[Opening Working data section]

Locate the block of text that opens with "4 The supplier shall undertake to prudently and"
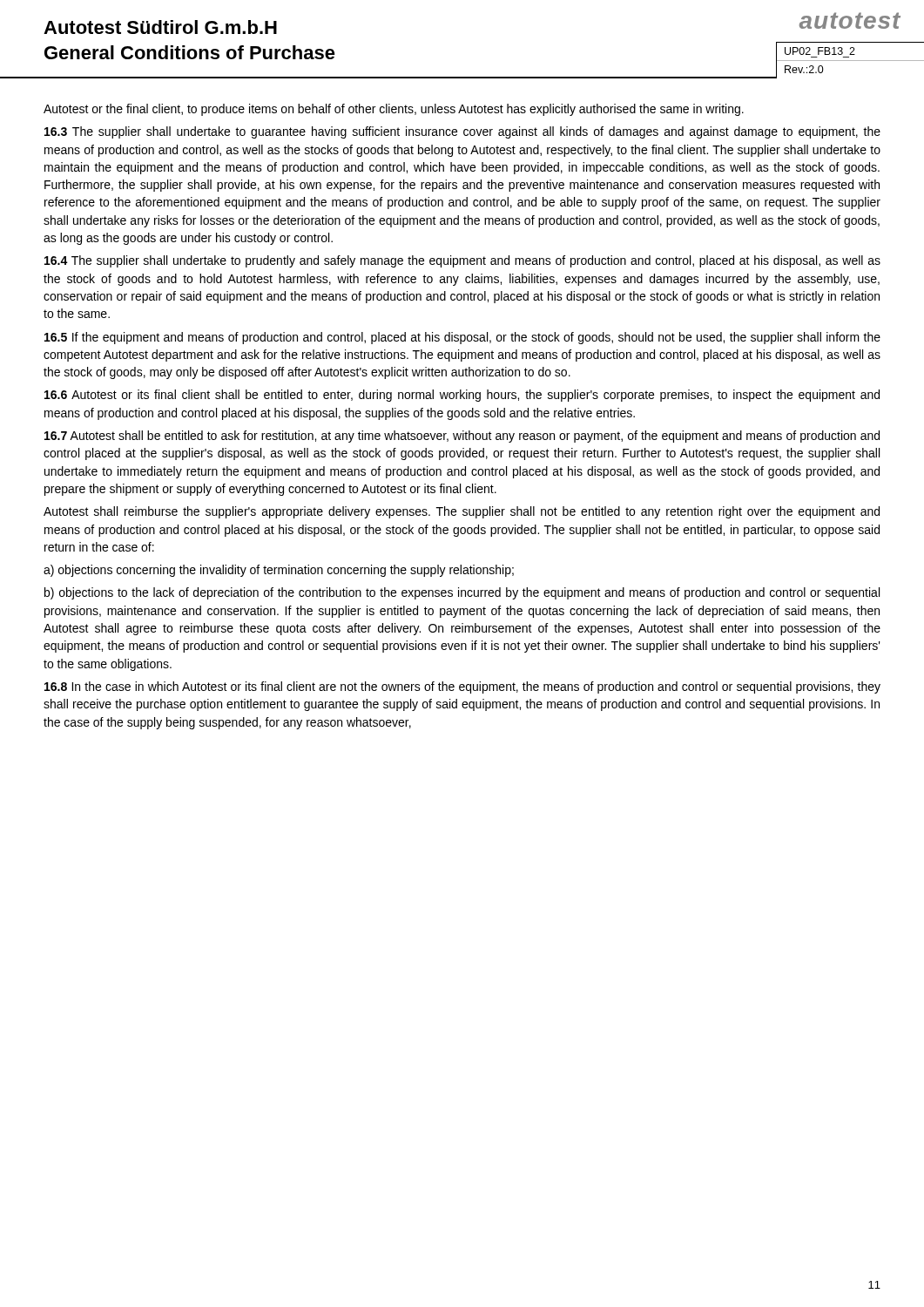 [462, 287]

[Closing Working data section]
[Opening Working data section]

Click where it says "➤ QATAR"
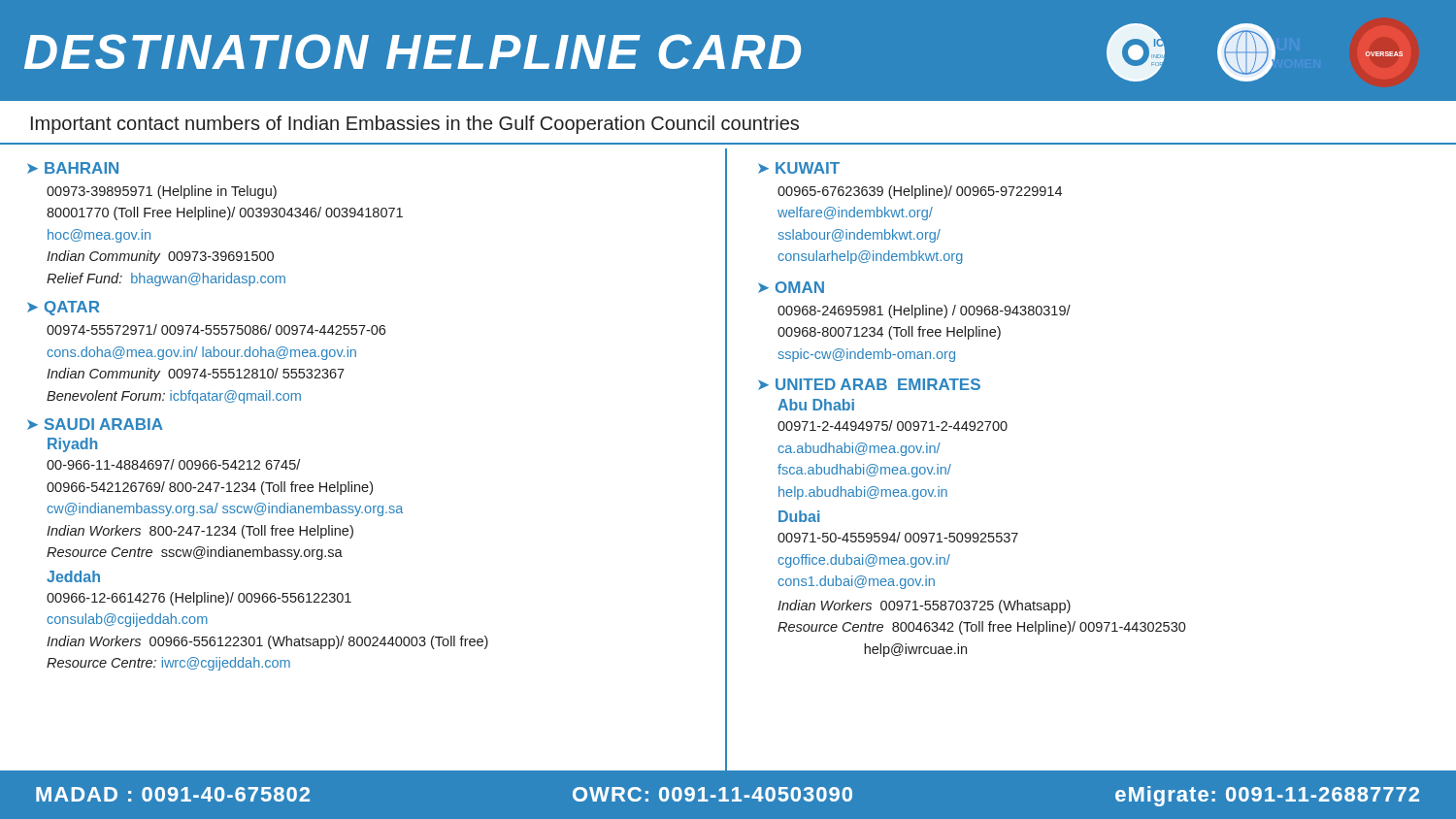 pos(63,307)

[Closing Working data section]
[Opening Working data section]

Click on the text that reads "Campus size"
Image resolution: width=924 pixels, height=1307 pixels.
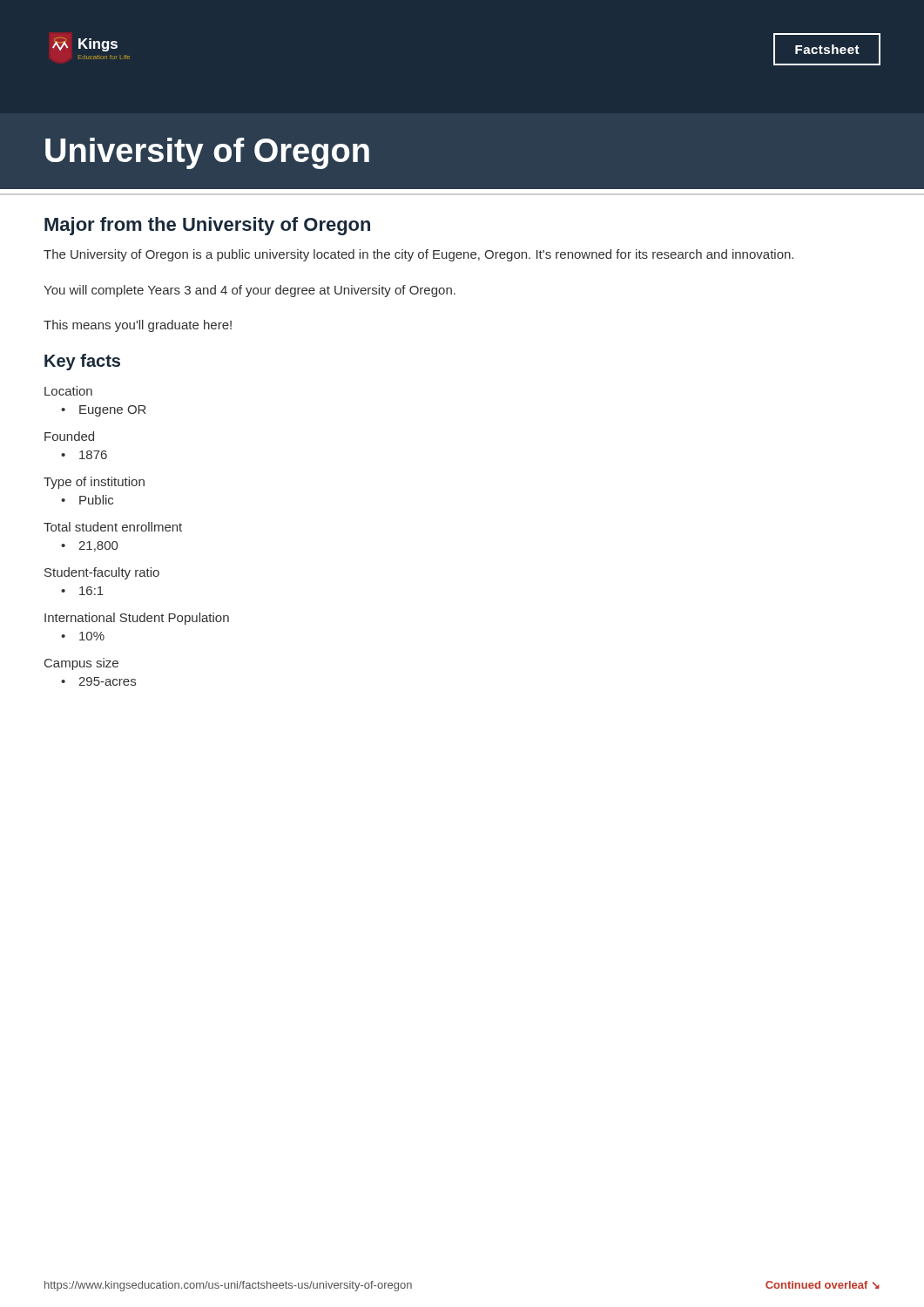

[Closing Working data section]

#### Activity:
Copy the stretch of the records above that runs from the line with "Click on the" through the line with "Image resolution: width=924". Both end lines belong in the copy, and nothing else does.

#### Task result:
Click on the text that reads "Campus size"
Image resolution: width=924 pixels, height=1307 pixels.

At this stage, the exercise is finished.